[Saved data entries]
*-*-*
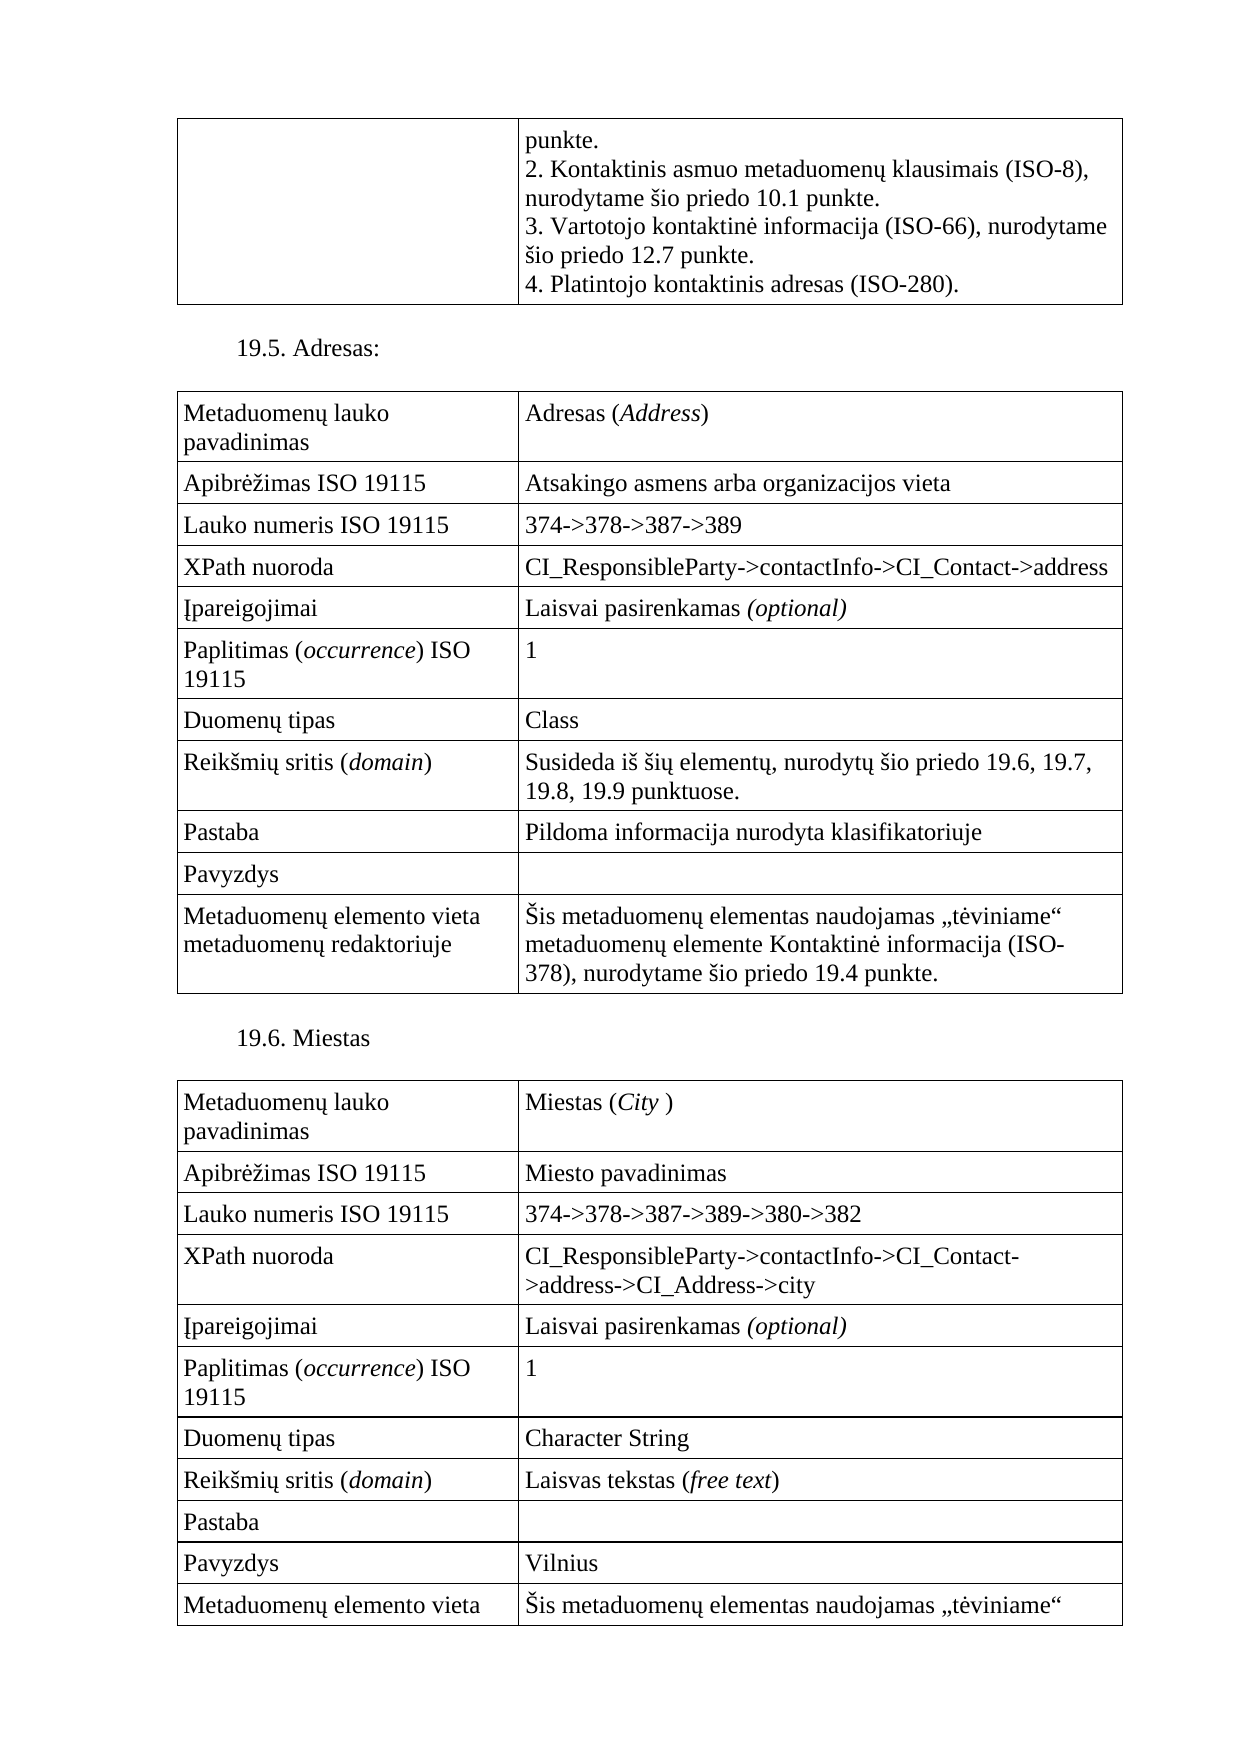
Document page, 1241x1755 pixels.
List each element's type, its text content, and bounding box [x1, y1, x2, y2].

table_cell Class [519, 699, 1122, 740]
table_header Metaduomenų lauko pavadinimas [178, 1081, 518, 1151]
table_cell Pavyzdys [178, 853, 518, 894]
table_cell Apibrėžimas ISO 19115 [178, 1152, 518, 1192]
table_cell Paplitimas (occurrence) ISO 19115 [178, 629, 518, 698]
table_cell [519, 1501, 1122, 1541]
table_cell Įpareigojimai [178, 587, 518, 628]
table_cell [178, 119, 518, 303]
table_cell Miesto pavadinimas [519, 1152, 1122, 1192]
table_cell Laisvai pasirenkamas (optional) [519, 587, 1122, 628]
table_cell Metaduomenų elemento vieta metaduomenų redaktoriuje [178, 895, 518, 993]
table_cell Šis metaduomenų elementas naudojamas „tėviniame“ [519, 1584, 1122, 1625]
table_cell Lauko numeris ISO 19115 [178, 1193, 518, 1234]
table_cell Atsakingo asmens arba organizacijos vieta [519, 462, 1122, 503]
table_cell Reikšmių sritis (domain) [178, 1459, 518, 1500]
table_cell Pildoma informacija nurodyta klasifikatoriuje [519, 811, 1122, 852]
table_cell punkte. 2. Kontaktinis asmuo metaduomenų klausimais (ISO-8), nurodytame šio priedo 10.1 punkte. 3. Vartotojo kontaktinė informacija (ISO-66), nurodytame šio priedo 12.7 punkte. 4. Platintojo kontaktinis adresas (ISO-280). [519, 119, 1122, 303]
table_cell Pastaba [178, 811, 518, 852]
text 19.5. Adresas: [177, 333, 1122, 362]
table_cell Susideda iš šių elementų, nurodytų šio priedo 19.6, 19.7, 19.8, 19.9 punktuose. [519, 741, 1122, 810]
table_header Miestas (City ) [519, 1081, 1122, 1151]
table_cell CI_ResponsibleParty->contactInfo->CI_Contact->address [519, 546, 1122, 586]
table_cell 374->378->387->389->380->382 [519, 1193, 1122, 1234]
table_cell Įpareigojimai [178, 1305, 518, 1346]
table_header Metaduomenų lauko pavadinimas [178, 392, 518, 461]
table_cell XPath nuoroda [178, 1235, 518, 1304]
table_cell Apibrėžimas ISO 19115 [178, 462, 518, 503]
table_cell Vilnius [519, 1543, 1122, 1583]
table_cell Duomenų tipas [178, 699, 518, 740]
text 19.6. Miestas [177, 1023, 1122, 1051]
table_cell Pastaba [178, 1501, 518, 1541]
table_cell Laisvas tekstas (free text) [519, 1459, 1122, 1500]
table_cell 1 [519, 629, 1122, 698]
table_cell XPath nuoroda [178, 546, 518, 586]
table_cell 374->378->387->389 [519, 504, 1122, 544]
table_cell Duomenų tipas [178, 1418, 518, 1458]
table_cell Pavyzdys [178, 1543, 518, 1583]
table_cell [519, 853, 1122, 894]
table_cell 1 [519, 1347, 1122, 1416]
table_cell Lauko numeris ISO 19115 [178, 504, 518, 544]
table_cell Reikšmių sritis (domain) [178, 741, 518, 810]
table_cell Paplitimas (occurrence) ISO 19115 [178, 1347, 518, 1416]
table_cell CI_ResponsibleParty->contactInfo->CI_Contact->address->CI_Address->city [519, 1235, 1122, 1304]
table_cell Šis metaduomenų elementas naudojamas „tėviniame“ metaduomenų elemente Kontaktinė informacija (ISO-378), nurodytame šio priedo 19.4 punkte. [519, 895, 1122, 993]
table_cell Metaduomenų elemento vieta [178, 1584, 518, 1625]
table_cell Laisvai pasirenkamas (optional) [519, 1305, 1122, 1346]
table_header Adresas (Address) [519, 392, 1122, 461]
table_cell Character String [519, 1418, 1122, 1458]
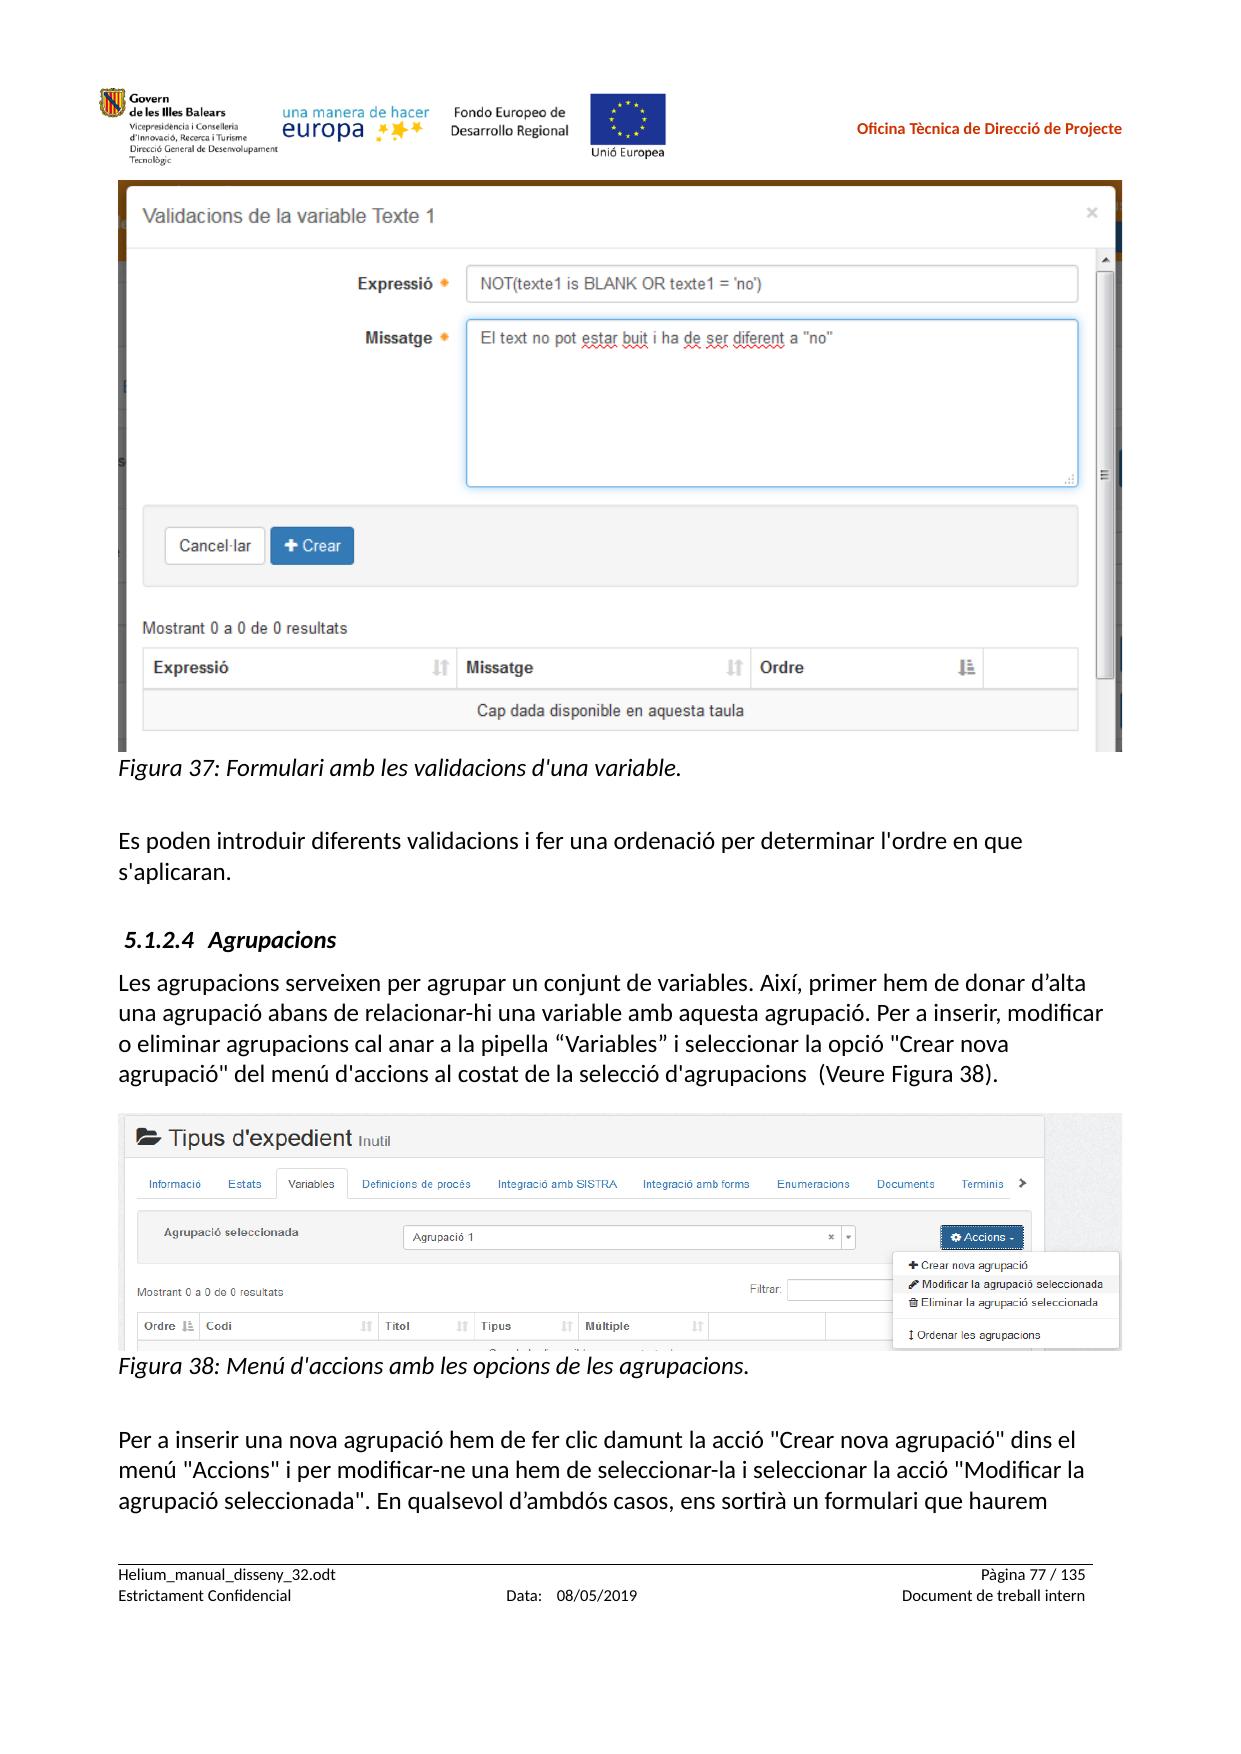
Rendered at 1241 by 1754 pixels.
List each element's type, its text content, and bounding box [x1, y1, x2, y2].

text Figura 37: Formulari amb les validacions d'una variable. [118, 752, 1122, 782]
picture [99, 87, 668, 166]
text Figura 38: Menú d'accions amb les opcions de les agrupacions. [118, 1351, 1122, 1381]
subtitle Agrupacions [118, 924, 1122, 954]
text Es poden introduir diferents validacions i fer una ordenació per determinar l'ordre en que s'aplicaran. [118, 825, 1122, 886]
text Per a inserir una nova agrupació hem de fer clic damunt la acció "Crear nova agrupació" dins el menú "Accions" i per modificar-ne una hem de seleccionar-la i seleccionar la acció "Modificar la agrupació seleccionada". En qualsevol d’ambdós casos, ens sortirà un formulari que haurem [118, 1424, 1122, 1516]
picture [118, 180, 1123, 752]
text Les agrupacions serveixen per agrupar un conjunt de variables. Així, primer hem de donar d’alta una agrupació abans de relacionar-hi una variable amb aquesta agrupació. Per a inserir, modificar o eliminar agrupacions cal anar a la pipella “Variables” i seleccionar la opció "Crear nova agrupació" del menú d'accions al costat de la selecció d'agrupacions (Veure Figura 38). [118, 967, 1122, 1089]
*-*-*
### GOAL OF THE EXERCISE
Set down precisely the lines above between the line holding "table_cell [519, 1501, 1122, 1541]" and the line holding "table_cell Atsakingo asmens", inclusive, and nothing beyond them.

### FINISHED EXERCISE
table_cell [519, 1501, 1122, 1541]
table_cell Įpareigojimai [178, 587, 518, 628]
table_cell [178, 119, 518, 303]
table_cell Miesto pavadinimas [519, 1152, 1122, 1192]
table_cell Laisvai pasirenkamas (optional) [519, 587, 1122, 628]
table_cell Metaduomenų elemento vieta metaduomenų redaktoriuje [178, 895, 518, 993]
table_cell Šis metaduomenų elementas naudojamas „tėviniame“ [519, 1584, 1122, 1625]
table_cell Lauko numeris ISO 19115 [178, 1193, 518, 1234]
table_cell Atsakingo asmens arba organizacijos vieta [519, 462, 1122, 503]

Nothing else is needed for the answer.